Train data accuracy_score():  0.9776785714285714
Test data accuracy_score():  0.48484848484848486


## Reduced Representation: Principal Component Analysis (PCA)
Now, we reduce the data into 2 principal components and then fit our SVC model and measure accuracy. I chose 2 after trying with different n_components value, because only the first two had major explained variance ratio. Example, with 10 components I got the explained variance ratio as 
array([0.30917742, 0.15128824, 0.04738025, 0.03173914, 0.02739319, 0.02393147, 0.02155885, 0.01492888, 0.01339326, 0.01066094])

In [10]:
#Principal Component Analysis decomposition of data
#train and test data PCA transformation
from sklearn import decomposition
pca = decomposition.PCA(n_components=2)
pca.fit(X_train) #PCA fitting
X_train_PCA = pca.transform(X_train) #PCA transformation
X_test_PCA = pca.transform(X_test) #PCA transformation

In [11]:
#Metrics of SVC trained model with PCA transformed data
fit_metrics(X_train_PCA, y_train, X_test_PCA, y_test, clf)

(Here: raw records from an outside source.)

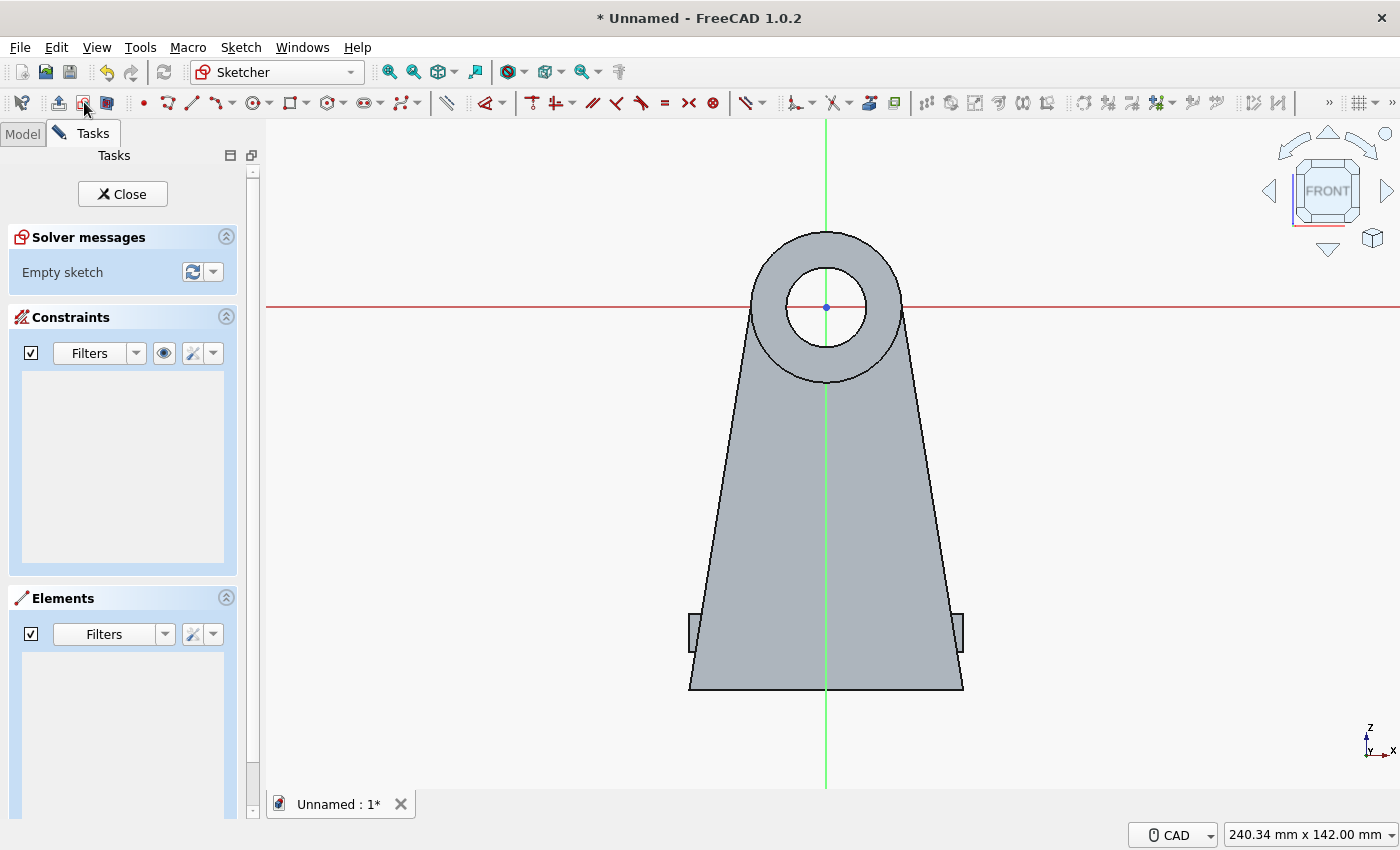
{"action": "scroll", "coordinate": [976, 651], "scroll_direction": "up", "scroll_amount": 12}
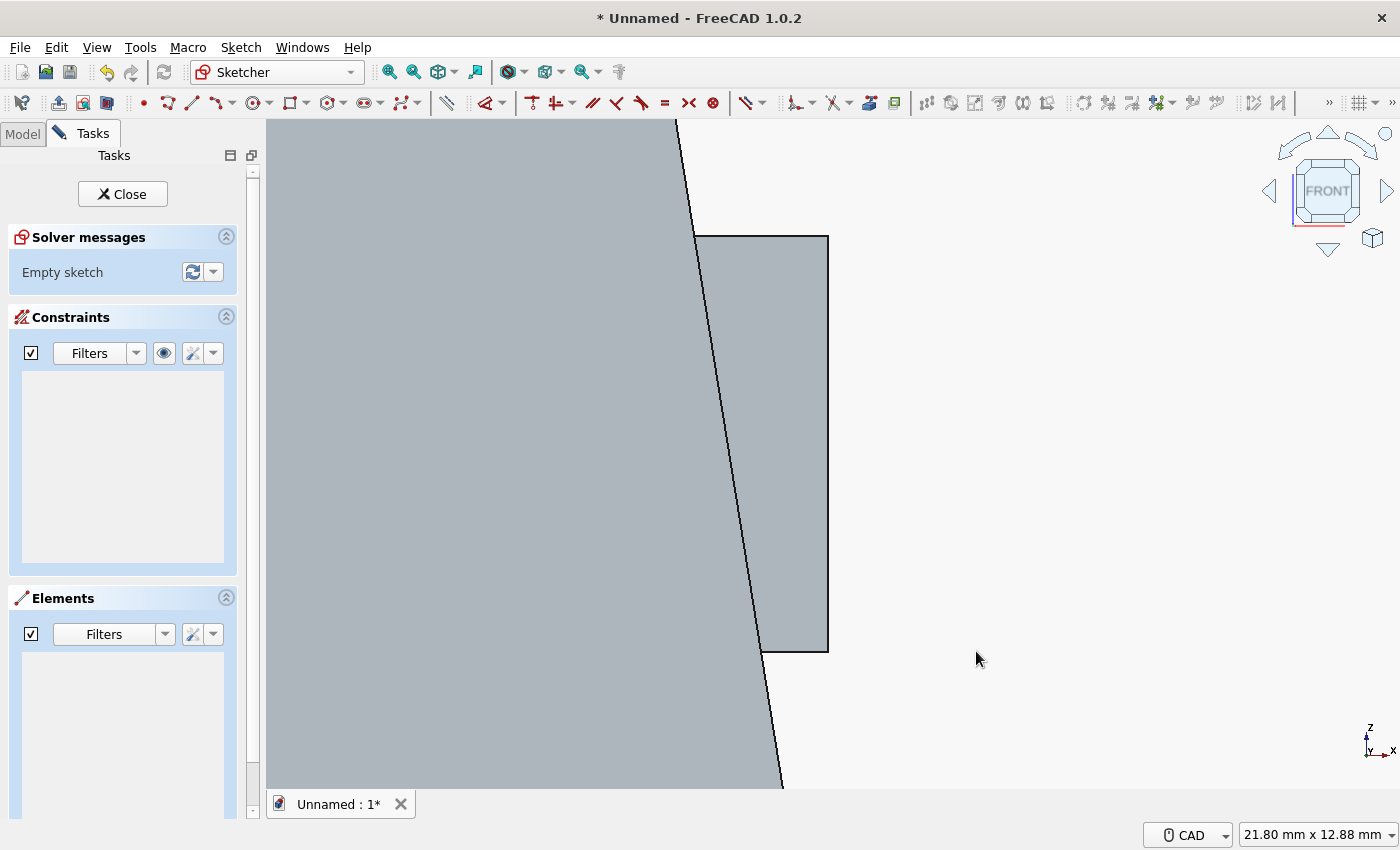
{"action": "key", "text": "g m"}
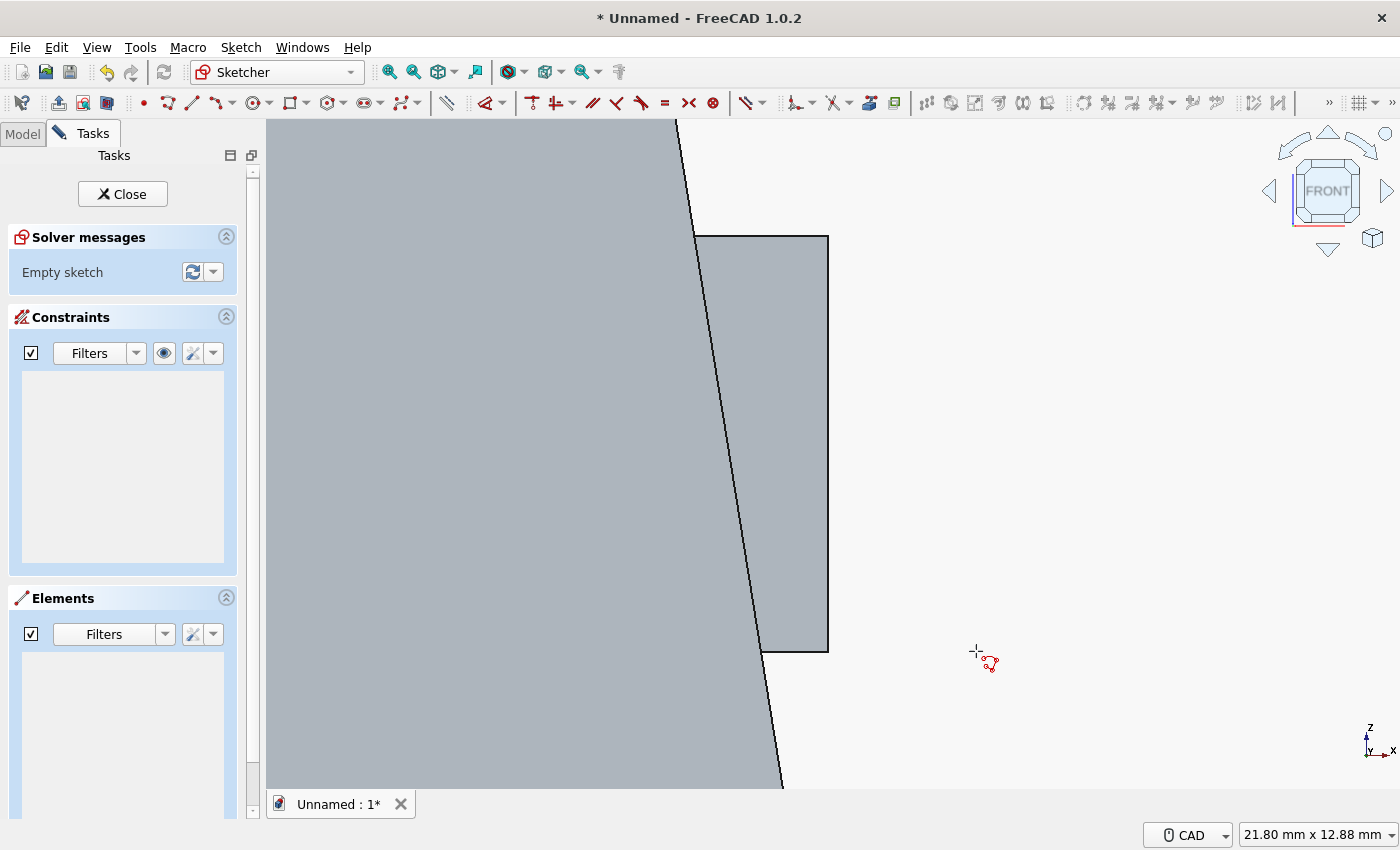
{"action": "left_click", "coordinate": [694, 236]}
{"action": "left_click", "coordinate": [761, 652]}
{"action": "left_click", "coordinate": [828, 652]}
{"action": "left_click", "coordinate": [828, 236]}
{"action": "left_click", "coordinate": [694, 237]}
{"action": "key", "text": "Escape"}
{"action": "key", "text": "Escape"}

Train data accuracy_score():  0.9776785714285714
Test data accuracy_score():  0.48663101604278075


In [12]:
#PCA Explained Variance Ratio, only the first 2 had major ratio
pca.explained_variance_ratio_

array([0.30917742, 0.15128824])

Here, we get again ~ 97% accuracy on training but decreased test accuracy of 48.7%. PCA did not improve our model

## Reduced Representation: Linear Discriminant Analysis (LDA)
Similarly, we attempt LDA to reduce our data and then fit SVC model to obtain accuracy

In [13]:
#Linear Discriminant Analysis
from sklearn.discriminant_analysis import LinearDiscriminantAnalysis
lda = LinearDiscriminantAnalysis()
X_train_LDA = lda.fit_transform(X_train, y_train)
X_test_LDA = lda.fit_transform(X_test, y_test)



In [14]:
#F#Metrics of SVC trained model with LDA transformed data
fit_metrics(X_train_LDA, y_train, X_test_LDA, y_test, clf)

Train data accuracy_score():  0.8705357142857143
Test data accuracy_score():  0.5098039215686274


We get 87% accuracy on train data, and our test score accuracy is 50% which signals overfitting and also is less than 54% (the highest score) we got for linear classifier without any data reduction. Anyway, this model is no better than taking a guess.